[Entries taken from a collection]

┄┄┄┄┄┄┄┄┄┄

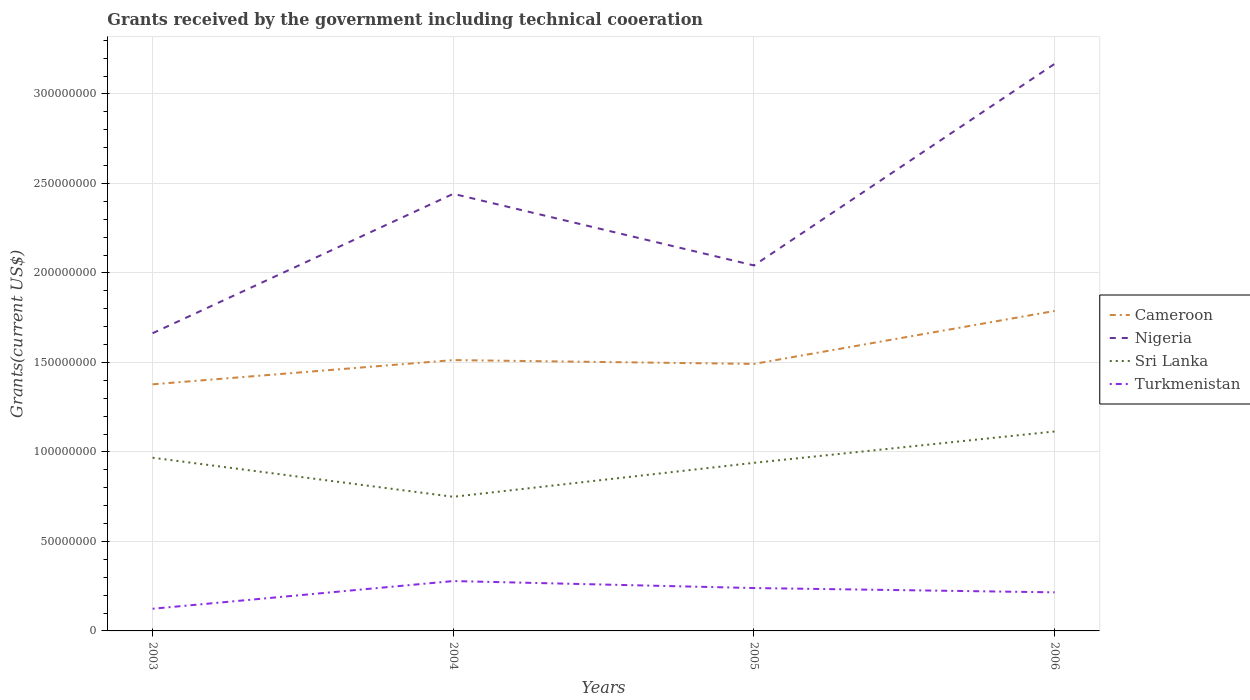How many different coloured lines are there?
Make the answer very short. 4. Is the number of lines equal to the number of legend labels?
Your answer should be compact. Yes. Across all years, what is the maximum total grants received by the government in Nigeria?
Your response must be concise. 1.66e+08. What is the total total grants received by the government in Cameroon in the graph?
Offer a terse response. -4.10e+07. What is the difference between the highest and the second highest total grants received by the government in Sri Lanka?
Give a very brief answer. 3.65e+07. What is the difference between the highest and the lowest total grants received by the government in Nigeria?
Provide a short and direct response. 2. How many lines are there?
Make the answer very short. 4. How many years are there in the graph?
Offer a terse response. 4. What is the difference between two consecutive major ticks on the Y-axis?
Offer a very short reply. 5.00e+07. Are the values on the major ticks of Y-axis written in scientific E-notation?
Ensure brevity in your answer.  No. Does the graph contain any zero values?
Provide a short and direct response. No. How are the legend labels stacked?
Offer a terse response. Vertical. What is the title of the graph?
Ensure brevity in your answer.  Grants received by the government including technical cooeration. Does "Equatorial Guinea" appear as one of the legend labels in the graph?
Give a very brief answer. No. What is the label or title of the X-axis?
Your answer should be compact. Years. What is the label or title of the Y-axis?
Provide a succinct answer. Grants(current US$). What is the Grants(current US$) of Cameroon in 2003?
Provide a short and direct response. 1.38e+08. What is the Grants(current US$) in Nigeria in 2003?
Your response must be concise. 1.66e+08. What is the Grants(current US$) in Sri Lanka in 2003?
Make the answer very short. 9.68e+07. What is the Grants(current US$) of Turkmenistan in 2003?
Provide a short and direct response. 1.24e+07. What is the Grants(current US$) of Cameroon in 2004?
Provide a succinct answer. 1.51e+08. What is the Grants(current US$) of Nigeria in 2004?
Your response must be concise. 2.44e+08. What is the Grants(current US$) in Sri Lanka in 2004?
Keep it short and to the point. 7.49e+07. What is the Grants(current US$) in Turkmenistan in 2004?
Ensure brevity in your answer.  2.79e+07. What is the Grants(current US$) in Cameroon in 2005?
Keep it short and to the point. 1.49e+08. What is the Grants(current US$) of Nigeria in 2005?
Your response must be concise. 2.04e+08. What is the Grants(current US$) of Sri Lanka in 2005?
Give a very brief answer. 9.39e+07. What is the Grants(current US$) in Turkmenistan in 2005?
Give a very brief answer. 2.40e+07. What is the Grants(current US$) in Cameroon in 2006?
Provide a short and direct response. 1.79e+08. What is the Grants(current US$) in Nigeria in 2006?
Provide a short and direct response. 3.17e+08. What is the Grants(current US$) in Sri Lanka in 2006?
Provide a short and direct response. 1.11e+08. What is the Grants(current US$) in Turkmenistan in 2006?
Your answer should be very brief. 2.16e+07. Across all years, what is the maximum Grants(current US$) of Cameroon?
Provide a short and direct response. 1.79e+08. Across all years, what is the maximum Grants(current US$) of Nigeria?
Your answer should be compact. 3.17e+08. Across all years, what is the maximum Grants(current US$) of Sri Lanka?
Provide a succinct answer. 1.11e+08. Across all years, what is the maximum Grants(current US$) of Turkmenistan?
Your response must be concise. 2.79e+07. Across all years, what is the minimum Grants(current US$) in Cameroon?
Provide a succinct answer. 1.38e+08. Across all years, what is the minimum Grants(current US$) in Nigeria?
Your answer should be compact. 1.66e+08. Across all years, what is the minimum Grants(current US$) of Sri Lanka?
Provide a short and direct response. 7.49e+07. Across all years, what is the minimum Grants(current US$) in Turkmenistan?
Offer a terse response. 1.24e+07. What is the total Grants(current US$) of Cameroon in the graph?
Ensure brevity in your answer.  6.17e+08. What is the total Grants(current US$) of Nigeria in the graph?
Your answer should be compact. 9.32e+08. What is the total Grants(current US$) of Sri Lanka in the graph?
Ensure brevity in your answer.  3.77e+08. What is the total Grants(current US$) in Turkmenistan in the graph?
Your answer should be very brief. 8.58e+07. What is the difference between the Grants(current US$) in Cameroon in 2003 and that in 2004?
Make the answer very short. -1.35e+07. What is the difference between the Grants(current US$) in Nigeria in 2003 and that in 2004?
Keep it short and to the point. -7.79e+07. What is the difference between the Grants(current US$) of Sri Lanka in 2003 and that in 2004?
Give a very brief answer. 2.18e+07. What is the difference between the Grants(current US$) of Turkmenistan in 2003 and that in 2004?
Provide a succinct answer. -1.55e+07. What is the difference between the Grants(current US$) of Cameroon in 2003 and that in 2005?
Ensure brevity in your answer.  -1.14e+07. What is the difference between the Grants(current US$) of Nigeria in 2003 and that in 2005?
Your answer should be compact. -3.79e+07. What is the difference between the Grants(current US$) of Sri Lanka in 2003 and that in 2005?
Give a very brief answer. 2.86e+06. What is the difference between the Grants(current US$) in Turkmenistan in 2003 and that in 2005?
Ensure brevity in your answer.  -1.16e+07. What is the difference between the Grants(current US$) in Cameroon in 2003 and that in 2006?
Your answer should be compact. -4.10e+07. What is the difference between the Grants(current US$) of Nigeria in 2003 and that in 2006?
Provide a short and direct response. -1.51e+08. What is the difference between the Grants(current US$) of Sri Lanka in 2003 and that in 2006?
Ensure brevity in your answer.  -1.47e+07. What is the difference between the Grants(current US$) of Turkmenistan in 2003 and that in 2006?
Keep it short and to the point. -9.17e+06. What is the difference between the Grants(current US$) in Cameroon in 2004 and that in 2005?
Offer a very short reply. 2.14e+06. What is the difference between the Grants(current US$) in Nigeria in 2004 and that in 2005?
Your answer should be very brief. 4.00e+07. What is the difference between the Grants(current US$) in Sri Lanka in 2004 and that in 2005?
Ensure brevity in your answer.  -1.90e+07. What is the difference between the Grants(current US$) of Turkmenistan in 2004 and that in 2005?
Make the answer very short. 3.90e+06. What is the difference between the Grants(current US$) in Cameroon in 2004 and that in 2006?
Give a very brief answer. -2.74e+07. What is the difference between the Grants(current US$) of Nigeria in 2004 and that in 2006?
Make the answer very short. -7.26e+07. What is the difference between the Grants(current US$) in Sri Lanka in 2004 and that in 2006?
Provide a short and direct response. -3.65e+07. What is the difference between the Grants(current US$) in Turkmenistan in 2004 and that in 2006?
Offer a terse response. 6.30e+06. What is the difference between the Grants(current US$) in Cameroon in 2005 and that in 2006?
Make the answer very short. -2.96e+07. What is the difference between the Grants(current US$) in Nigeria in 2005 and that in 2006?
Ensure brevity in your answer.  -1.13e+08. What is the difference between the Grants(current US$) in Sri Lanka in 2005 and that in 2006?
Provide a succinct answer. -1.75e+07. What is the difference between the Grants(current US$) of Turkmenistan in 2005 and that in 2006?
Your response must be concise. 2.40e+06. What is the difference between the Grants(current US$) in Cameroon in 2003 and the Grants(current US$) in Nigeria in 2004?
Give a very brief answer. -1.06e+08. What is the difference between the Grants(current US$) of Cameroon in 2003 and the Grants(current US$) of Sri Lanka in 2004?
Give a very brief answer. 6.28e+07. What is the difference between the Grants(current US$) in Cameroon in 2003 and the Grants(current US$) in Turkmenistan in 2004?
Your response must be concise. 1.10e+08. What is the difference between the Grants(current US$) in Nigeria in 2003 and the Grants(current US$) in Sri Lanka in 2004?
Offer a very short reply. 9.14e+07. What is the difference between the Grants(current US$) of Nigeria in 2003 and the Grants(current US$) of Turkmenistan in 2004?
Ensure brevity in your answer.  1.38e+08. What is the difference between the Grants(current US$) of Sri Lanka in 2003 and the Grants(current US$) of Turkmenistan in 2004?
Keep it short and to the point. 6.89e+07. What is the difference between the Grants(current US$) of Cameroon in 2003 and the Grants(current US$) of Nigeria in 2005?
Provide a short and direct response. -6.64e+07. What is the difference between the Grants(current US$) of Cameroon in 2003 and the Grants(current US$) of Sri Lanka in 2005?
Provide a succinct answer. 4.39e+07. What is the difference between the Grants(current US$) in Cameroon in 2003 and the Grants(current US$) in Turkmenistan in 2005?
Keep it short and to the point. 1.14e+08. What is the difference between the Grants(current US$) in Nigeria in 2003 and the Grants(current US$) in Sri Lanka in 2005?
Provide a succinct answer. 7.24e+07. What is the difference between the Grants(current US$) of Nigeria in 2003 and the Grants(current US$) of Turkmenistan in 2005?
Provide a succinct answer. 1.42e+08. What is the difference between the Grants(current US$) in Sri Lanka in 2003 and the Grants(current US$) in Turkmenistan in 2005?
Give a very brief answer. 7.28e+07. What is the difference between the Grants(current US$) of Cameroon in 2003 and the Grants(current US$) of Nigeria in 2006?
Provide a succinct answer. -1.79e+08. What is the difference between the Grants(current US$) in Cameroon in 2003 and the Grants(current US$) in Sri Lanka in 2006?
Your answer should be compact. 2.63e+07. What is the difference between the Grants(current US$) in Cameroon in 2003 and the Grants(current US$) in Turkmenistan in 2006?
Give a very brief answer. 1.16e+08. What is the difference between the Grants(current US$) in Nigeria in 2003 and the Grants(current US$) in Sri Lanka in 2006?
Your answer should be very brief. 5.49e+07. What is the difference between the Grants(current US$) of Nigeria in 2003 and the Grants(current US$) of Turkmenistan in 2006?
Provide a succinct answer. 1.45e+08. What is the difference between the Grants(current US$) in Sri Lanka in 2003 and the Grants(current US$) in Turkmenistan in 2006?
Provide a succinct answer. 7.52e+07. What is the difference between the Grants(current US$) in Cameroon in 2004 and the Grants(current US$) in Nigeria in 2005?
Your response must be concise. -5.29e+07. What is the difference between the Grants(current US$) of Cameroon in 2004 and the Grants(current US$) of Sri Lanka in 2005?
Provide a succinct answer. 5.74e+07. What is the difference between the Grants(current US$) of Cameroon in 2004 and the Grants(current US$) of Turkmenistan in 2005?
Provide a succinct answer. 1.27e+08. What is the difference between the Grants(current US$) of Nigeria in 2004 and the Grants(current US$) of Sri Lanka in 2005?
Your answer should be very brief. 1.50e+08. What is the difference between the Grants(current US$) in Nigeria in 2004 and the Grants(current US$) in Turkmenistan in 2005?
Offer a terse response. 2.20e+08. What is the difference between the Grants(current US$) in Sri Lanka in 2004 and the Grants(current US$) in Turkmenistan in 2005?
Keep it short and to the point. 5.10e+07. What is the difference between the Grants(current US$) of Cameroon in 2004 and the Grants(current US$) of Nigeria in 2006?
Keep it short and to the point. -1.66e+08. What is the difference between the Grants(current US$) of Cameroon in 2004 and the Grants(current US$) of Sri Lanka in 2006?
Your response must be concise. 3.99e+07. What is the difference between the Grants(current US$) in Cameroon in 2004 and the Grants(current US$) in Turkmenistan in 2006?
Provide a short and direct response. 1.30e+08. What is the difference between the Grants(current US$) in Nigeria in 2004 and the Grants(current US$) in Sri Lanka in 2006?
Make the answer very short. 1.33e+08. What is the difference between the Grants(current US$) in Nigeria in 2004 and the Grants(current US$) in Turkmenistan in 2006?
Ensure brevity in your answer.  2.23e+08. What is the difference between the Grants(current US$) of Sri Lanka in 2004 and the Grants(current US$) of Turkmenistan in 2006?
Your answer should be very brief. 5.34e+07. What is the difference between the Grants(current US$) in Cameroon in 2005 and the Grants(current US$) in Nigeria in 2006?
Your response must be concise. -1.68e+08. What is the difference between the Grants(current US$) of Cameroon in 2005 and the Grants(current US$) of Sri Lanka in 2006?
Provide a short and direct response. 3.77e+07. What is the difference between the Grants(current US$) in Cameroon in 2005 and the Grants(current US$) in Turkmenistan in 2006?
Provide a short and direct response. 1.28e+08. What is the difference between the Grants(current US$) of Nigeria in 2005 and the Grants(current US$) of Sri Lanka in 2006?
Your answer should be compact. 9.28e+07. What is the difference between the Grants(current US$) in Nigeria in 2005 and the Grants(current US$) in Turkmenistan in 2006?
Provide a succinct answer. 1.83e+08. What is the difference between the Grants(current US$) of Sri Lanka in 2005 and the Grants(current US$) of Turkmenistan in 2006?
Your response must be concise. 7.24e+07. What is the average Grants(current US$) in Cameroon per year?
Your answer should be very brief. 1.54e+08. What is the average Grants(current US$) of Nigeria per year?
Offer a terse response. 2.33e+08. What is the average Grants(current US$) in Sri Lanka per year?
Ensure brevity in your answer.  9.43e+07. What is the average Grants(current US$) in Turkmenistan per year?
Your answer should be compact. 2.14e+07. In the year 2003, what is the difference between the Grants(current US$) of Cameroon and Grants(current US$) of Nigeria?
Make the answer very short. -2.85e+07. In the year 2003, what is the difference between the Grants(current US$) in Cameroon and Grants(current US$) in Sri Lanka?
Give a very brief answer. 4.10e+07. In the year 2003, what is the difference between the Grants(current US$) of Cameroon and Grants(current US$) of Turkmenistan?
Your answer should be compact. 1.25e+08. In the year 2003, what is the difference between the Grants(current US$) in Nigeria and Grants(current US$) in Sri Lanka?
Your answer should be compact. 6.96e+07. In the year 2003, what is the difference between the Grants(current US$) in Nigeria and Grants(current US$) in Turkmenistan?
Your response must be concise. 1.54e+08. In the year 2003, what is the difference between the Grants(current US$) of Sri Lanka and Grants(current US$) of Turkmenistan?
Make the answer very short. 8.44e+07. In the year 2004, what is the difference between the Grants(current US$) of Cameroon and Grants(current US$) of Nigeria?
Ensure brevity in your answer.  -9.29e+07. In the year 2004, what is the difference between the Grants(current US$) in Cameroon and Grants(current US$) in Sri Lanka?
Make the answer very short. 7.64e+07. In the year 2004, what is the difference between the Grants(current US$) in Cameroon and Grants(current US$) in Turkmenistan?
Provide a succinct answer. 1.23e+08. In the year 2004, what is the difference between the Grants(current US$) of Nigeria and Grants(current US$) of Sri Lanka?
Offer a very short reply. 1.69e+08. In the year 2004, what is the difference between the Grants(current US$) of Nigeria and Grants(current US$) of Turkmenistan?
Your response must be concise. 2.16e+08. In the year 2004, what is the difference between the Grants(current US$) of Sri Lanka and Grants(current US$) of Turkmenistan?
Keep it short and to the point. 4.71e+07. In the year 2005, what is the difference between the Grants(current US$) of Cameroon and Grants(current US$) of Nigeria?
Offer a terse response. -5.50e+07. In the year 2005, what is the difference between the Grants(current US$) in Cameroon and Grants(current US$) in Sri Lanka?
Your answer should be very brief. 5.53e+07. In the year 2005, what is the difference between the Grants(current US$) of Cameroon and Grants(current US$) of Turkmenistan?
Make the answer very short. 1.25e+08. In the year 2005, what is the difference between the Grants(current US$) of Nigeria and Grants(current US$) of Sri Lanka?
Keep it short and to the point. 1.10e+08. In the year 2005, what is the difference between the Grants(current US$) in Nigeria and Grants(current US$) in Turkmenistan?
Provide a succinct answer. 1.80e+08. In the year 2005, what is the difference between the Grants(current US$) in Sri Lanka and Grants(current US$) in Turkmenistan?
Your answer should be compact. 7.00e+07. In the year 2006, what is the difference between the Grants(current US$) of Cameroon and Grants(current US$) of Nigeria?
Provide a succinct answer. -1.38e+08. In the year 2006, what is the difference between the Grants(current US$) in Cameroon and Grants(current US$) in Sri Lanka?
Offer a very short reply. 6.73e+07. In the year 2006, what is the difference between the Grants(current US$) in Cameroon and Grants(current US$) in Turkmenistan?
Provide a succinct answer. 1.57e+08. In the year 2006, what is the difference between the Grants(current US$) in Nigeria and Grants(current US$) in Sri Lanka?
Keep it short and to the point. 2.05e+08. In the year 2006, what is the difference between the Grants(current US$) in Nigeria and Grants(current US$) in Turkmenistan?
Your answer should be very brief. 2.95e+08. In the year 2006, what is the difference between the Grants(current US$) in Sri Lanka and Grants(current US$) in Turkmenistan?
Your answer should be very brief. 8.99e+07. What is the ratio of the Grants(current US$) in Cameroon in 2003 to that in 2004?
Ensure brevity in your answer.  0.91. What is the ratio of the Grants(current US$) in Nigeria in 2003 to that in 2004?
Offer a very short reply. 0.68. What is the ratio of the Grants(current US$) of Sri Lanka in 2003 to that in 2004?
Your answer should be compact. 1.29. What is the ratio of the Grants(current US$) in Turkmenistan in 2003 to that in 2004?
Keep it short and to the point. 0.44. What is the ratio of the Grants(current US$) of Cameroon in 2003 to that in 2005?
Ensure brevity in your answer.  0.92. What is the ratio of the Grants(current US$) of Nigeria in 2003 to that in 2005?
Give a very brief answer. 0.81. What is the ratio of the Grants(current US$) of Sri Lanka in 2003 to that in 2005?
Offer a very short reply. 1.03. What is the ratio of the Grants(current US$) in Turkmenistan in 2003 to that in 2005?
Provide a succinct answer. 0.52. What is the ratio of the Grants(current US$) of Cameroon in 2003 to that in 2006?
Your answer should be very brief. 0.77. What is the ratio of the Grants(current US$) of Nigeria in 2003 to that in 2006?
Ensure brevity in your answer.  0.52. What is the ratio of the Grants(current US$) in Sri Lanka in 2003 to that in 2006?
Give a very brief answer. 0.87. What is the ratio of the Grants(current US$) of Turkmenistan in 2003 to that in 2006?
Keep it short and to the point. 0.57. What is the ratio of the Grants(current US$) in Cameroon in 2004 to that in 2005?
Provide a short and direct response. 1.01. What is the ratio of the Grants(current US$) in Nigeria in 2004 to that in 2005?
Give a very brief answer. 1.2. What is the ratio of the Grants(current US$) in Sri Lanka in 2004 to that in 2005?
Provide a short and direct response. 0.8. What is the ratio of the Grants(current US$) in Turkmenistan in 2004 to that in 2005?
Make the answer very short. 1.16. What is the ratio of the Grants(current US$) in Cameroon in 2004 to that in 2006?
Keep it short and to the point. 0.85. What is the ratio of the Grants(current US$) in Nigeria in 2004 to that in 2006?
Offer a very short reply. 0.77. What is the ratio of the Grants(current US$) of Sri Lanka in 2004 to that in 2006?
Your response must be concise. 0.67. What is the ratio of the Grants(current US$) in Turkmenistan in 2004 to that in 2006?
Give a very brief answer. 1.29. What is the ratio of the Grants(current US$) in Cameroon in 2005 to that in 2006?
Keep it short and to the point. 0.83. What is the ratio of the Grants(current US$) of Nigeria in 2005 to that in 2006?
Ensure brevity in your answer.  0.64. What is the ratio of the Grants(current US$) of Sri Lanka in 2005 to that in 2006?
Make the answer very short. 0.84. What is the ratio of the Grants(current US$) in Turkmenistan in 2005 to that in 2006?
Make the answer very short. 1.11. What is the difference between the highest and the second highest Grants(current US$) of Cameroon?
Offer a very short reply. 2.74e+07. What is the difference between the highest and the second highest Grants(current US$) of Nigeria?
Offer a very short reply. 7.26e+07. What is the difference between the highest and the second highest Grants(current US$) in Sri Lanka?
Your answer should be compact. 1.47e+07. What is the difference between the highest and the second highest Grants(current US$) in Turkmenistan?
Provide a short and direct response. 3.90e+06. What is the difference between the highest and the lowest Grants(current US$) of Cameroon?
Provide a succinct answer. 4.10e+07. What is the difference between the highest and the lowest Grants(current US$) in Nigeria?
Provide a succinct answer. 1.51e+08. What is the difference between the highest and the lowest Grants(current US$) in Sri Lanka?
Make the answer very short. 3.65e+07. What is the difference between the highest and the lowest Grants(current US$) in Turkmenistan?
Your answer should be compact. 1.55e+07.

┄┄┄┄┄┄┄┄┄┄

#### [WORK INSTRUCTION]
Count the lines of the entries that hold the string "axis", then state that number and nothing more.

#### [RESPONSE TO THIS EXERCISE]
4